From: David Gibson <dwg@au1.ibm.com>
To: Alex Williamson <alex.williamson@redhat.com>
Cc: aafabbri <aafabbri@cisco.com>,
Alexey Kardashevskiy <aik@au1.ibm.com>,
kvm@vger.kernel.org, Paul Mackerras <pmac@au1.ibm.com>,
"Roedel, Joerg" <Joerg.Roedel@amd.com>,
agraf@suse.de, qemu-devel <qemu-devel@nongnu.org>,
chrisw <chrisw@sous-sol.org>,
iommu <iommu@lists.linux-foundation.org>,
Avi Kivity <avi@redhat.com>,
"linux-pci@vger.kernel.org" <linux-pci@vger.kernel.org>,
linuxppc-dev <linuxppc-dev@lists.ozlabs.org>,
benve@cisco.com
Subject: Re: [Qemu-devel] VFIO v2 design plan
Date: Thu, 1 Sep 2011 14:10:35 +1000 [thread overview]
Message-ID: <20110901041035.GJ11906@yookeroo.fritz.box> (raw)

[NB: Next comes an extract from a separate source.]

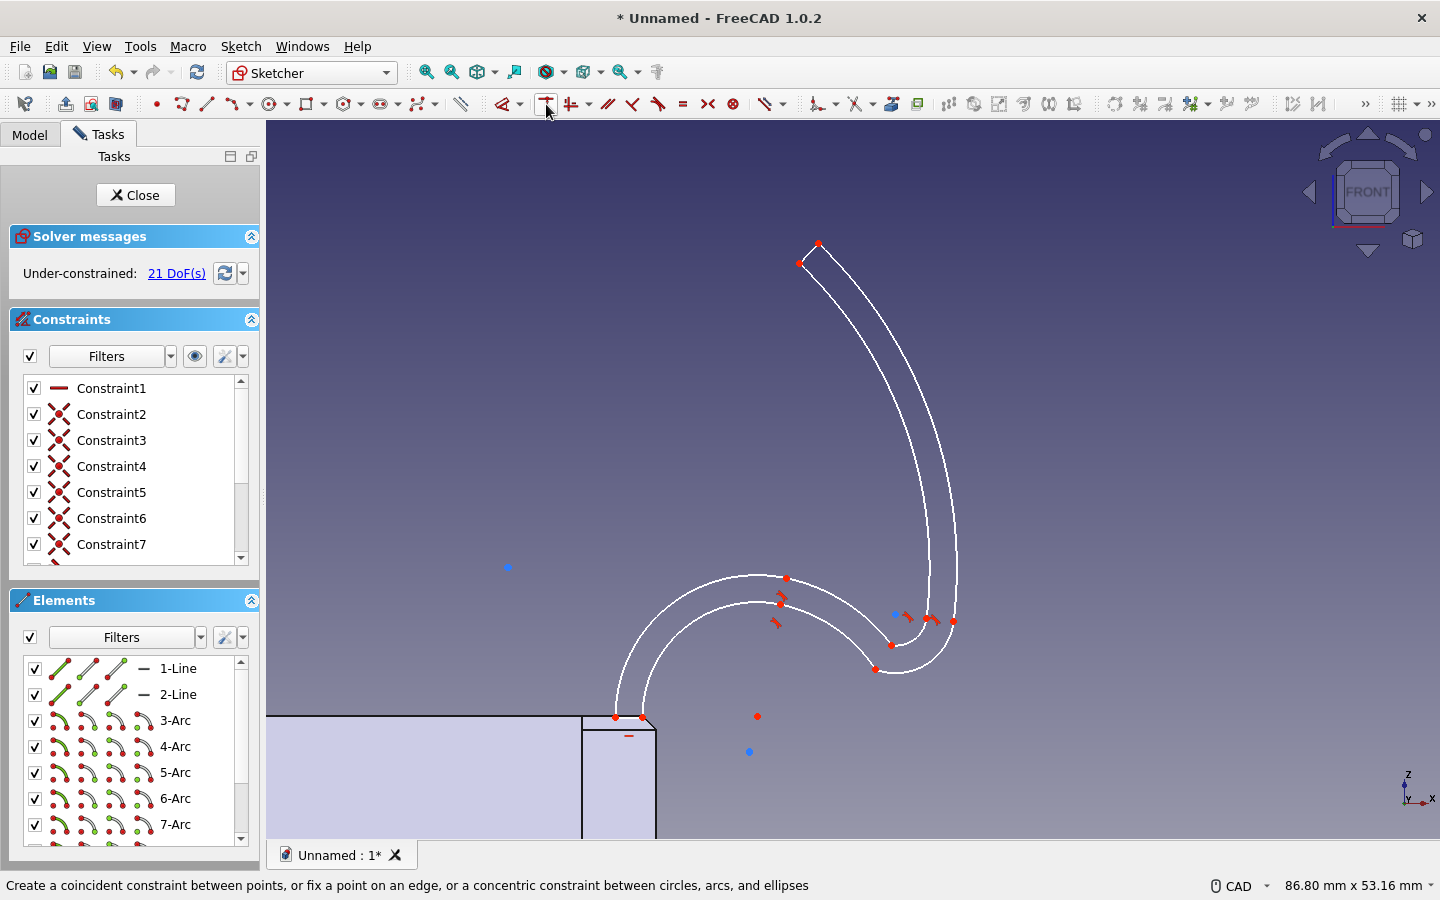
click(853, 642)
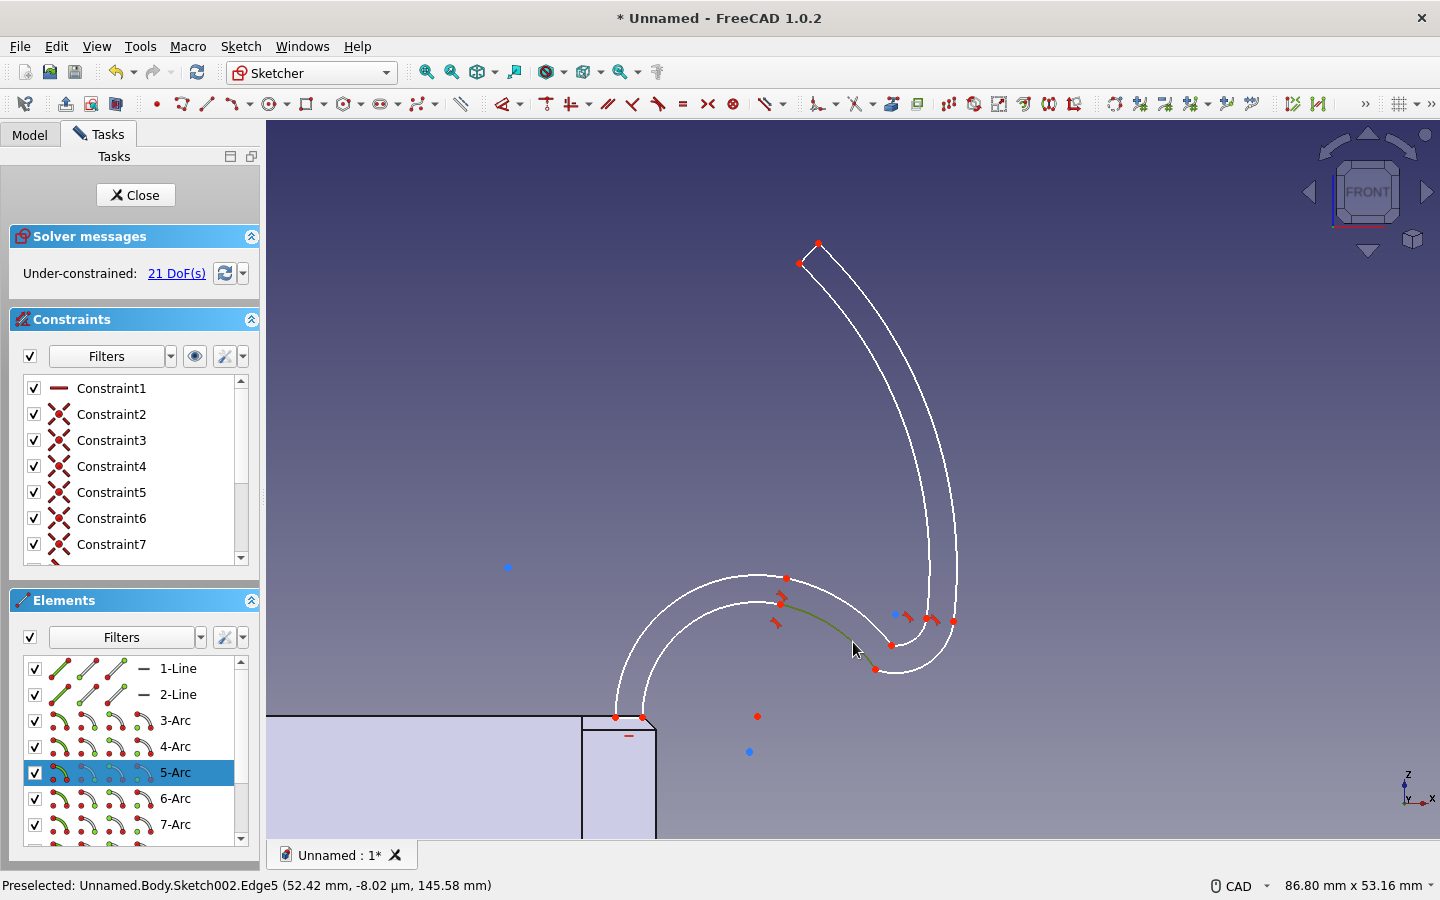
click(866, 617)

In-Reply-To: <1314715900.2859.480.camel@bling.home>
On Tue, Aug 30, 2011 at 08:51:38AM -0600, Alex Williamson wrote:
> On Tue, 2011-08-30 at 17:48 +1000, David Gibson wrote:
> > On Mon, Aug 29, 2011 at 10:24:43PM -0600, Alex Williamson wrote:
> > > On Tue, 2011-08-30 at 13:04 +1000, David Gibson wrote:
> > > > On Fri, Aug 26, 2011 at 11:05:23AM -0600, Alex Williamson wrote:
[snip]
> > > > > Once the group is viable, the user may bind the
> > > > > group to another group, retrieve the iommu fd, or retrieve device fds.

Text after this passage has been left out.